Novogratz warns the worst may be yet to come (18:00 HK)
Mike Novogratz said that the worst of the crypto crisis following the collapse of the FTX exchange may yet unfold. Galaxy, the crypto-financial services company founded by Novogratz, last week disclosed $76.8 million in risk to FTX.com
Novogratz spoke at a conference on Wednesday alongside Binance Holdings Ltd. CEO Changpeng ‘CZ’ Zhao. Binance’s CEO said he’s seeing strong investor interest in a crypto industry recovery fund he plans to launch to help otherwise strong projects facing liquidity crunches.
Crypto Exchange AAX Needs Capital (17:55 HK)
Resuming operations at cryptocurrency exchange AAX depends on whether it can raise funds, the company said.
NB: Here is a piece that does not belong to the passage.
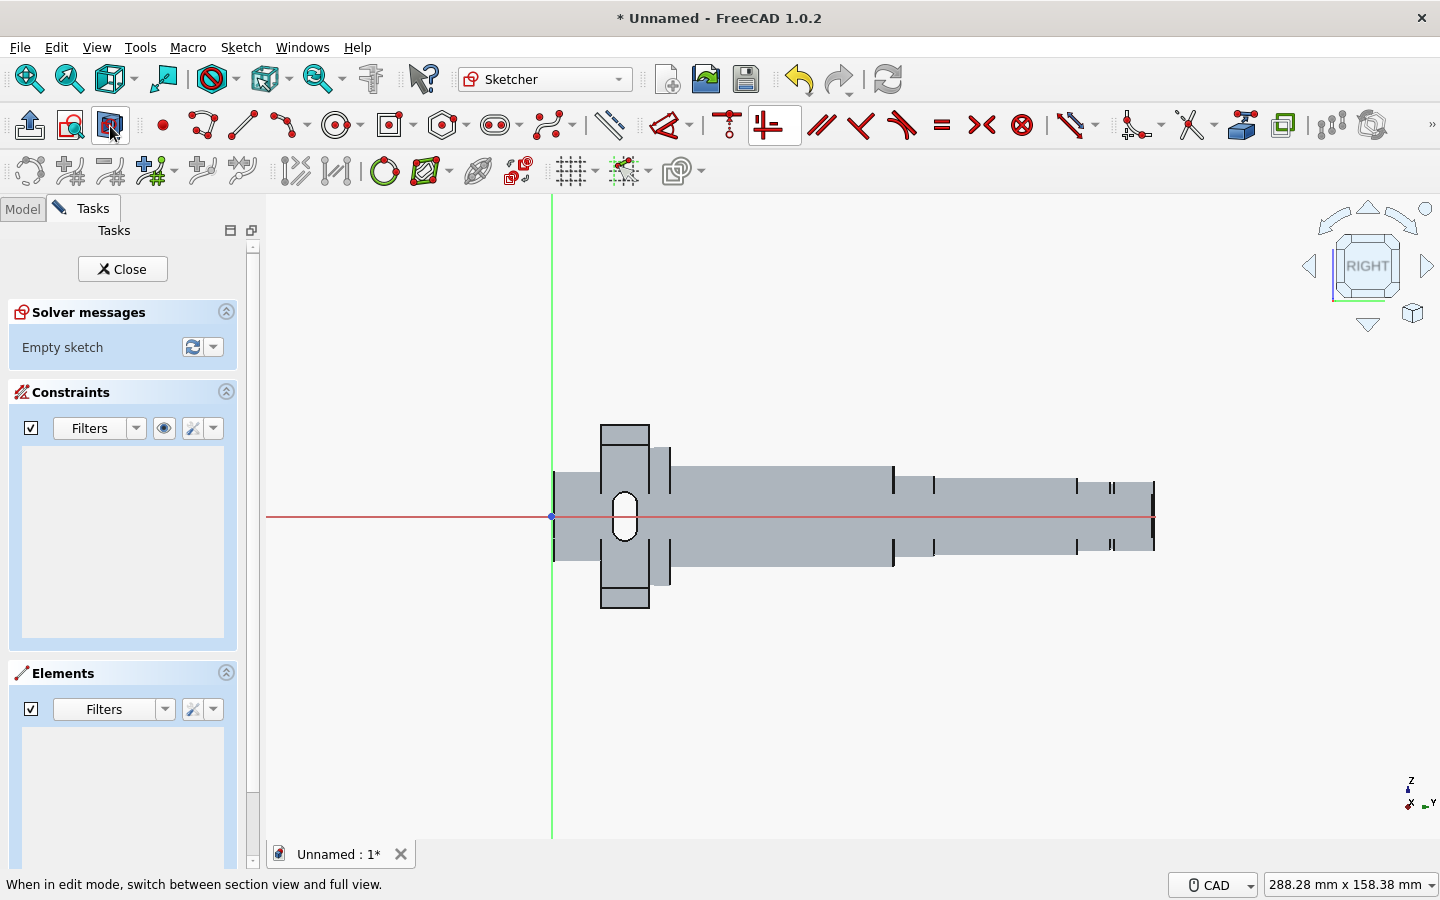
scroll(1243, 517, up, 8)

Hong Kong-based AAX suspended withdrawals on Monday due to a flaw in its system update.
“If AAX is unable to secure financing to enable us to resume operations, AAX is committed to taking legal action to secure and secure the distribution of assets,” the company said.
Most Bitcoin Retail Buyers Lost (14:20 HK)
A study of how retail investors use cryptocurrency exchange programs suggests that about three-quarters have lost money on Bitcoin, according to the Bank for International Settlements.
Data spanning 95 countries from 2015 to 2022 indicates that the vast majority of app downloads occurred when the price of Bitcoin was above $20,000, the Basel, Switzerland-based BIS working paper said.
The world’s largest token has tumbled over 70% from a record high about a year ago, pressured by rapid monetary tightening and a series of massive cryptocurrencies, most recently FTX.
FTX Digital Markets records for Chapter 15 (noon HK)
FTX Digital Markets Ltd based in the Bahamas. has filed a Chapter 15 petition for recognition of a foreign proceeding in the Southern District of New York, according to a filing on the court’s website.
It is a subsidiary of FTX Trading Ltd., which filed for Chapter 11 bankruptcy on Nov. 11.
–With assistance from Amanda Fung, Sidhartha Shukla and Suvashree Ghosh.